Rav Elya Lopian zt”l is astounded! If we take a step back and analyze all that transpired here, we simply need to ask- didn’t Pharoh arrogantly refuse at first, to listen and send out the Jews? Wasn’t his country basically demolished and smashed to smithereens with the ten plagues? There was hardly anything left, to the point that even Pharoh’s advisors already were saying that the cause was lost, and we need to let them go. Is Pharoh really deserving of any reward to finally acknowledge Hashem and allow them to leave? And not only that, the reward that Pharoh did receive is the eternal reward of his descendants being allowed to join the Jewish People and fully embraced? What did Pharoh do that was so great?

Explains Rav Elya, that actually, if we put things in perspective, this is very easy to understand. As we all know, the entire purpose of the creation of the world was so that we can strive, improve, and serve Hashem. We were all created with a spiritual soul, that has the capability of lifting us up, as well as a physical body that has the ability to drag us down. And our sole reason for existence is to wage this battle, and emerge with our souls on top. 

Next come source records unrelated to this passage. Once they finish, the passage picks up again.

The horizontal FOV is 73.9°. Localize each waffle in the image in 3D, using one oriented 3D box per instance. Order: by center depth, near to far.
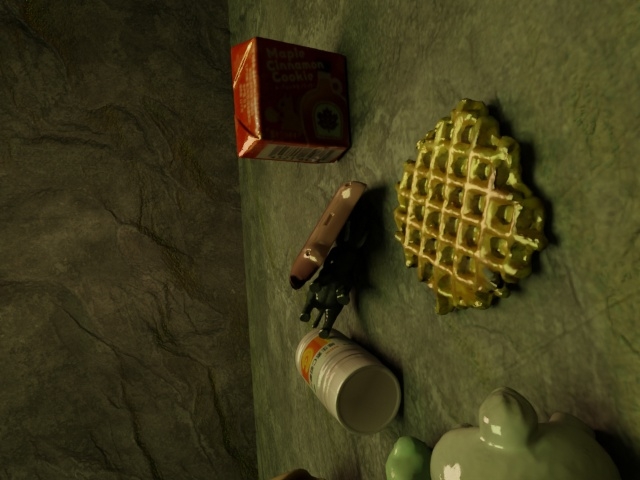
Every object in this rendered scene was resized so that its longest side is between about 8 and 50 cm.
[{"bbox_3d":[0.169,-0.034,0.536,0.254,0.052,0.245,125,138,-60],"label":"waffle"}]

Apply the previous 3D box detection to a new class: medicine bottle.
[{"bbox_3d":[0.044,0.261,0.828,0.249,0.133,0.133,-166,74,-71],"label":"medicine bottle"}]

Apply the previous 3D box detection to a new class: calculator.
[{"bbox_3d":[0.000,0.000,0.863,0.220,0.048,0.330,-61,1,-16],"label":"calculator"}]

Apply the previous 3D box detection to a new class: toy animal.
[{"bbox_3d":[0.169,0.308,0.371,0.154,0.208,0.325,3,-72,-67],"label":"toy animal"},{"bbox_3d":[0.031,0.072,0.835,0.137,0.082,0.270,-61,-6,-60],"label":"toy animal"}]

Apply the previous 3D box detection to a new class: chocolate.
[{"bbox_3d":[-0.056,-0.288,0.886,0.108,0.237,0.235,-6,86,61],"label":"chocolate"}]

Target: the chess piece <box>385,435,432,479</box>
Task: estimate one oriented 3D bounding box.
[{"bbox_3d":[0.134,0.413,0.543,0.176,0.175,0.298,122,146,-60],"label":"chess piece"}]

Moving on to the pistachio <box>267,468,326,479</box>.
[{"bbox_3d":[-0.088,0.675,0.906,0.281,0.445,0.366,19,99,28],"label":"pistachio"}]

This being the case, every single victory, however small it may seem, is in itself a reason for the existence of the world; and even the wicked Pharoh, who was certainly guilty for all that he had done,  could have at this point just tossed in the towel and allowed them to leave; the fact that he finally realized his mistake and took the effort to escort them out honorably, is a historical act that had eternal significance. 

We see this idea again with the story of the sotah; a woman is suspected of adultery, and is subjected to all sorts of humiliation; if indeed, at the end she is proven innocent, the Torah promises her the blessing of meriting beautiful healthy children. Now, after all, even if she didn’t actually commit the adulterous act, she did seclude herself with a strange man! She did cast suspicion on herself and create these allegations; why does she deserve any reward at all? She should consider herself lucky that she escaped with her life! Again, we see, that even within an inappropriate situation, we can do something right, and Hashem will take note and we will be rewarded. She was punished for what she did, but we acknowledge that she did something right as well.

We see from all of this the power of a good deed! Our successes are recognized even when not perfect! May we all merit to have as much success as possible, and take encouragement that every ounce counts.